「ついさっき声に出していた英文が 今はどうしても思い出せない」
「さっき 語順をまなんだのに、今それを再現できない」
「ヒントをもらいやっと書けるようになった単語が 5分後には思い出せない」
こんなお悩みを持つお子さんは 教室に1人や2人は必ずいて、とても切ない思いをしていると思います。
記憶する、というのは とても奥が深いらしいです。
何度もやったのに定着しない~!というお悩みをもつお子さんをどうやって励まし続け、
どうやって自信をつけさせて導いていったらいいのでしょうか。
英語教室でいろんな弱さのタイプを持つお子さんを教えてきた経験から得られたヒントは、、、
まなぶ目標を「何も見ずに完璧に思い出す」ことから、「テンプレートをみながら思い出す」ことへ 変えてみる。
というものです。
例えば、アルファベット26文字。完璧におぼえるまで次に進めない!と思い込むあまり ず~と同じ段階で半年や1年間とどまっていては お子さんも辛いし、新しい英語表現や会話に触れる機会がとても少なくなってしまいます。
どうしても思い出せない文字があるなら「26文字表」を手元において、いつでも見られる状態を作ってあげる。定期テストのときも 参照してよいことにする。
そうすれば安心して 次の学びへ進めるのでは?
ちょうど、大人が漢字を思い出せないとき、辞書を引いたりスマホで検索するのと同じです。参照すれば「あ!これだ!」と認識できるのなら、その段階まで学べば良しとする。

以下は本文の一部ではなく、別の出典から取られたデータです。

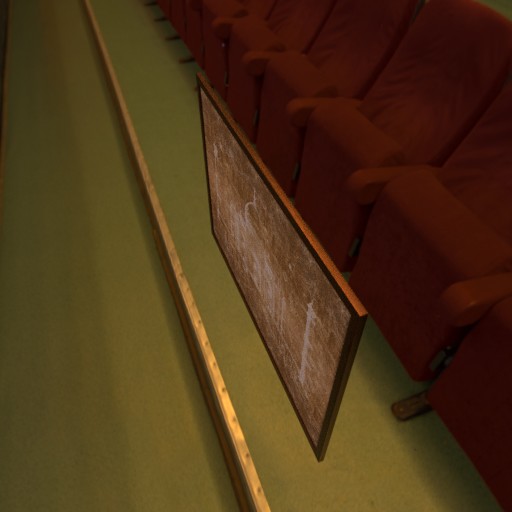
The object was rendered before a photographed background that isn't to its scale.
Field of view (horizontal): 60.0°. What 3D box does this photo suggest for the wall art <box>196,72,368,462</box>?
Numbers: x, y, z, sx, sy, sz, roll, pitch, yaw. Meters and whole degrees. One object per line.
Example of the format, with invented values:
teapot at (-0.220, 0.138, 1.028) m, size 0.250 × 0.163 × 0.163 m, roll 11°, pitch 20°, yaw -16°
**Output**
wall art at (0.000, 0.000, 1.070) m, size 0.014 × 0.559 × 0.816 m, roll -16°, pitch 48°, yaw -15°
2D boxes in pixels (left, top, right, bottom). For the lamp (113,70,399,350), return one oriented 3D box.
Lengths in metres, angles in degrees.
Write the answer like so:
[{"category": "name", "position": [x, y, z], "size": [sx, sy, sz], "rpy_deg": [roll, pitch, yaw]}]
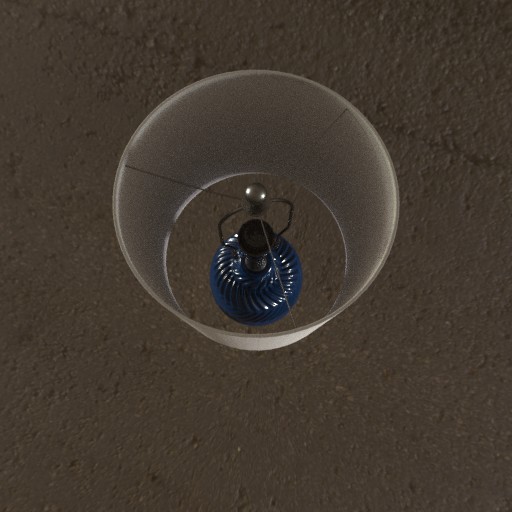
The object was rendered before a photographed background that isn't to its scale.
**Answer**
[{"category": "lamp", "position": [0.000, 0.000, 0.487], "size": [0.203, 0.368, 0.203], "rpy_deg": [-15, 76, -4]}]
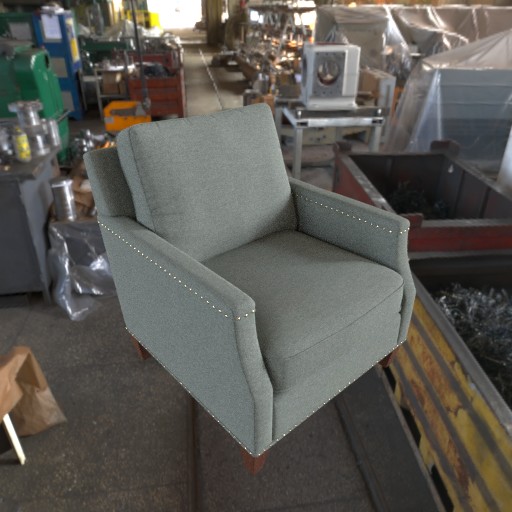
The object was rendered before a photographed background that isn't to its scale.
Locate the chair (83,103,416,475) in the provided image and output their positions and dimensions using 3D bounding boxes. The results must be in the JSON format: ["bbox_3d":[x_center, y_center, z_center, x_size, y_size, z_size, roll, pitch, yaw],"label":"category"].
[{"bbox_3d":[0.000,0.000,1.785,0.885,1.031,1.031,-24,37,-35],"label":"chair"}]
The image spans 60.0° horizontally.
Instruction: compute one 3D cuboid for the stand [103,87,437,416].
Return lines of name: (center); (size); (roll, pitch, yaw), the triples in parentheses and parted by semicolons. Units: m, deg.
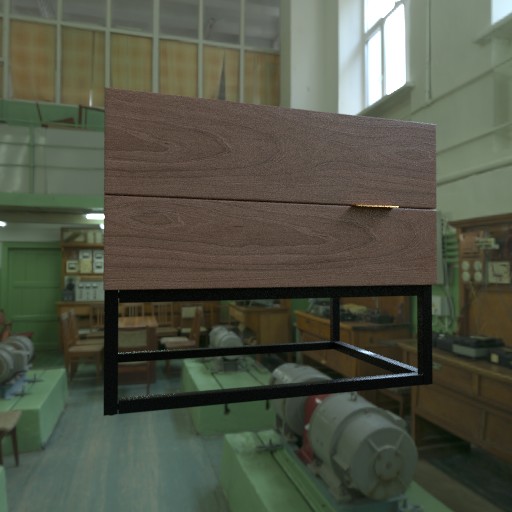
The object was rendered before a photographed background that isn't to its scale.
stand: (0.000, 0.000, 0.940); (0.600, 0.500, 0.420); (0, -1, -17)
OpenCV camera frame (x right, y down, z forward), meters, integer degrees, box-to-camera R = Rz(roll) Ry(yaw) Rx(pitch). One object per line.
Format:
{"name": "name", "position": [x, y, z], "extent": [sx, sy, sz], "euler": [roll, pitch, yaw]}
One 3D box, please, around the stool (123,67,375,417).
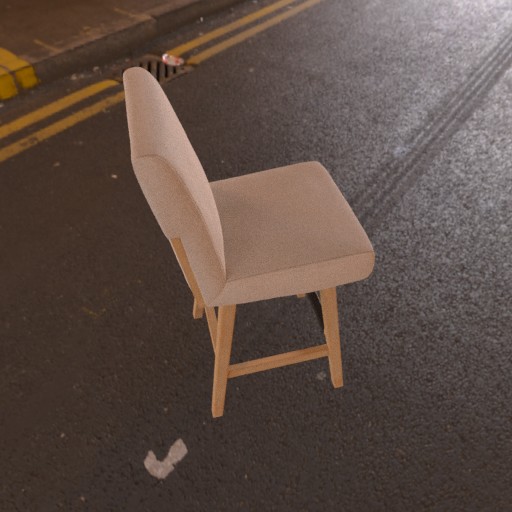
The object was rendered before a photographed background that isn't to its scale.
{"name": "stool", "position": [0.000, 0.000, 1.296], "extent": [0.543, 1.015, 0.446], "euler": [-10, 47, -10]}
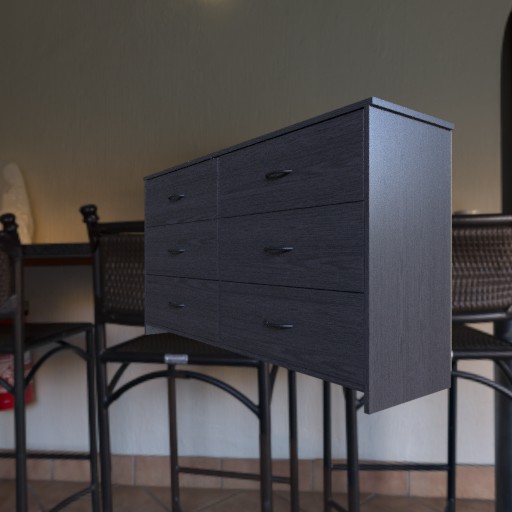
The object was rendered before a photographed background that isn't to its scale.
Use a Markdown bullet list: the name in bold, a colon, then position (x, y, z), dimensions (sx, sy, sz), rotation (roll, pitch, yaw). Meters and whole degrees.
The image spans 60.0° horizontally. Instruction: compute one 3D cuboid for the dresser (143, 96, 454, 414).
- **dresser**: position (0.000, 0.000, 1.690), dimensions (0.401, 0.755, 1.360), rotation (0, 0, -37)
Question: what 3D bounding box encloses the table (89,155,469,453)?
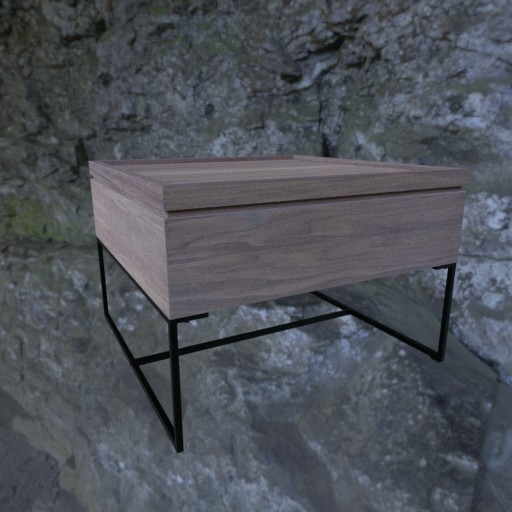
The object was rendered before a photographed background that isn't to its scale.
[{"bbox_3d":[0.000,0.000,1.144,0.679,0.464,0.676,-8,18,-27],"label":"table"}]
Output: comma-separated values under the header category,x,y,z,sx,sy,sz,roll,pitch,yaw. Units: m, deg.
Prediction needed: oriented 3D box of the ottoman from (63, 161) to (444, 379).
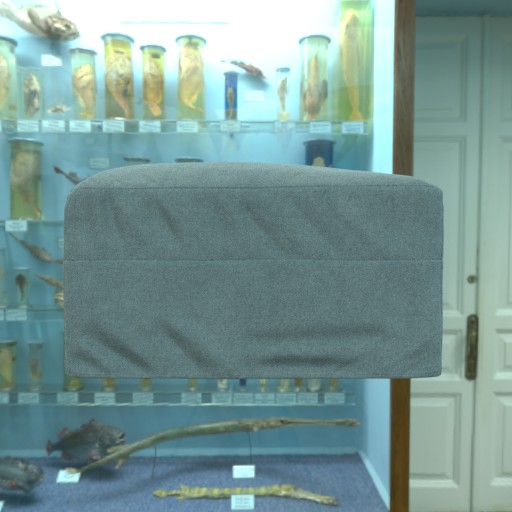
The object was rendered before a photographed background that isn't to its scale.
category,x,y,z,sx,sy,sz,roll,pitch,yaw
ottoman,0.000,0.000,1.229,0.837,0.481,0.683,0,2,1
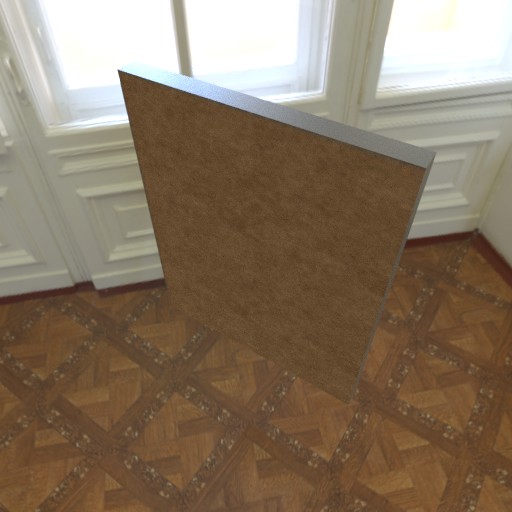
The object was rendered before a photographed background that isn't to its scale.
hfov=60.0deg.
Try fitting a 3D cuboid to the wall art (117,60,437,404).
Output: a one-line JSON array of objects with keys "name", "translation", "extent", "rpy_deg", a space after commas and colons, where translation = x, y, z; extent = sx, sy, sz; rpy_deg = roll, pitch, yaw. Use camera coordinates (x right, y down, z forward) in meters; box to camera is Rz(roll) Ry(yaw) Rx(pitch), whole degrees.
[{"name": "wall art", "translation": [0.000, 0.000, 0.765], "extent": [0.453, 0.554, 0.037], "rpy_deg": [25, 51, 22]}]

もう一つの例では、be動詞の文を 肯定文、否定文、疑問文へ変化させる課題について考えてみましょう。
”This is an owl." (これはフクロウです)という肯定文を聞いただけで、何も頼らず否定文、疑問文を作って口から言う課題は 音の記憶の定着に弱さを抱えるおこさんにとって、とても難しいです。
たとえ文字で書いてあっても、否定文、疑問文を作り出す作業は 単語の認識や文法の認識、法則の応用に弱さを抱えるお子さんにとっては 何も頼らす自力でしあげるのは大変難しいのです。
(思い出すのが難しいお子さんが「絶対に何も見ずにかんぺきな文を書くことを要求される」暗記中心の定期テストで得点するのは、非常に難しい。テストが単語や文法の暗記中心の能力を測るために作られているからです。)
記憶に弱さをもつお子さんを指導するときに、比較的うまくいったのは、
「参照してよいテンプレートを作って掲示してあげた」ときです。
・アルファベット26文字表をいつも見られる。(→迷わず書くことができる)
・英語のフォニックスが覚えられないならフォニックスルール表をいつも掲示しておく。
(→迷わず読むことができる)
・be動詞の文と一般動詞の文のテンプレートをいつも掲示しておく。
(→テンプレートを基準にして、語句を入れ替えれば 沢山の英文を作れるようになる)
テンプレートを参照しながらであれば、新しい文を口頭で作れるし、ノートやドリルに書くこともできる! 何よりも、「自分でも言えた!自分でも書けた!」という喜びを味わうことができるので、「学んでいる」という実感が得られることが大切なのです。
学びを進める原動力になるのは、 お子さん自身が「これならできる、わかる」と感じる体験です。記憶に弱さを感じているなら、ぜひ、「テンプレート」を用意してあげたうえで、レッスンを進めてみてください。
定期テストを作成する学校の先生方にも、「テンプレート」を見ながらでも文が自分で作れるようになることが 立派な学習目標になることを ぜひぜひ知っていただきたいですね。